Au niveau international, la cause palestinienne connaît un élan exceptionnel. Le nombre de pays qui reconnaissent officiellement l’État de Palestine est passé à 156 sur les 193 membres de l’ONU, parmi lesquels de grands pays occidentaux comme la Grande-Bretagne, le Canada, l’Australie, la France et la Belgique, ce qui représente un changement radical dans la position internationale. De même, les manifestations et les protestations mondiales se poursuivent à un rythme sans précédent, les données de l’ACLED (Armed Conflict Location and Event Data Project) montrant que 86 % de toutes les manifestations liées à la guerre à Gaza étaient en faveur de la Palestine.
Mais ces changements n’ont pas trouvé d’écho dans le discours d’Abbas, qui semblait fermer les yeux sur les avancées les plus importantes de la cause palestinienne depuis des décennies, fruits des sacrifices considérables de notre peuple et de son héroïque résistance. Alors que le monde cherche à isoler l’entité génocidaire sur les plans moral et politique, le discours de Abbas s’apparentait davantage à un message d’apaisement et de soumission à l’occupation qu’à une volonté de tirer parti de ce moment exceptionnel dans l’intérêt du peuple palestinien.
La dimension humaine et morale
Le discours d’Abbas ne peut être lu indépendamment de la dimension humaine que représente la situation palestinienne actuelle. Le nombre de martyrs a dépassé les 65 000 Palestiniens depuis le début de l’agression, la plupart étant des civils, ce qui reflète l’ampleur de la catastrophe humanitaire que vit la bande de Gaza.

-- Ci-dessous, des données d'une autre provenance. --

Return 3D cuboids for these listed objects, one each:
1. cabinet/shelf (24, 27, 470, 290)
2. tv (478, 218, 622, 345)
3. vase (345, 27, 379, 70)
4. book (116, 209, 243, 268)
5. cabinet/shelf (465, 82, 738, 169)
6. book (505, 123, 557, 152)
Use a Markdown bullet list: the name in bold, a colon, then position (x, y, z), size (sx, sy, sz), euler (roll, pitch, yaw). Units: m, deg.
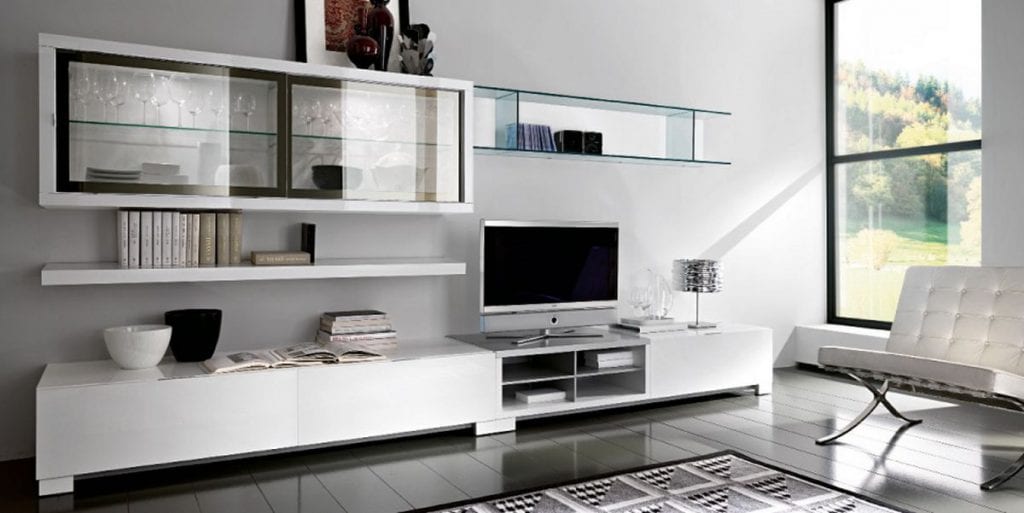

Dans un tel contexte, féliciter l’occupant pour ses fêtes relève davantage d’une faute morale et d’une soumission inouïe que d’une erreur politique. L’histoire retient les positions et non les paroles, et les peuples se souviennent de ceux qui se sont battus pour eux et non de ceux qui ont négocié leur sang. La dimension symbolique du discours prend alors une importance redoublée, car les Palestiniens vivent un moment décisif qui pourrait redéfinir la conscience des générations futures : soit un discours qui unifie la conscience nationale et remonte le moral, soit un discours qui ajoute à la frustration et renforce la division.
Scénarios pour l’avenir
La question palestinienne semble aujourd’hui à la croisée des chemins, avec deux options possibles. La première consiste à formuler un discours national fédérateur qui allie toutes les formes légitimes de résistance à une diplomatie fondée sur les droits humains, afin de tirer parti du soutien international croissant et de le transformer en pression politique et juridique sur l’occupant. La seconde option consiste à poursuivre la voie de l’isolement et des compromis stériles, ce qui signifie davantage de divisions internes et la perte des opportunités historiques offertes par le contexte international.
La situation actuelle impose de reconsidérer l’option de la résistance comme un levier politique incontournable et de la traiter comme une source de force et non comme un fardeau. Sans cet équilibre, aucun sommet international ni aucune reconnaissance de l’ONU n’ont de valeur, car le véritable garant de la survie de la Palestine sur la carte est la résistance et les sacrifices de son peuple.
Une responsabilité devant l’histoire
Le dernier discours d’Abbas n’était pas une simple étape, mais a reposé une question plus profonde : quel projet national l’Autorité souhaite-t-elle représenter ? Entre la complaisance envers le meurtrier et la voix de la victime, les contours de l’avenir se dessinent. Et cette direction doit comprendre que l’histoire n’attend pas les indécis ; soit elle saisit l’instant présent comme une opportunité pour l’unité nationale et la résistance soutenue par une dynamique mondiale, soit elle le laisse passer et la Palestine retombera dans le tourbillon des concessions et des déceptions.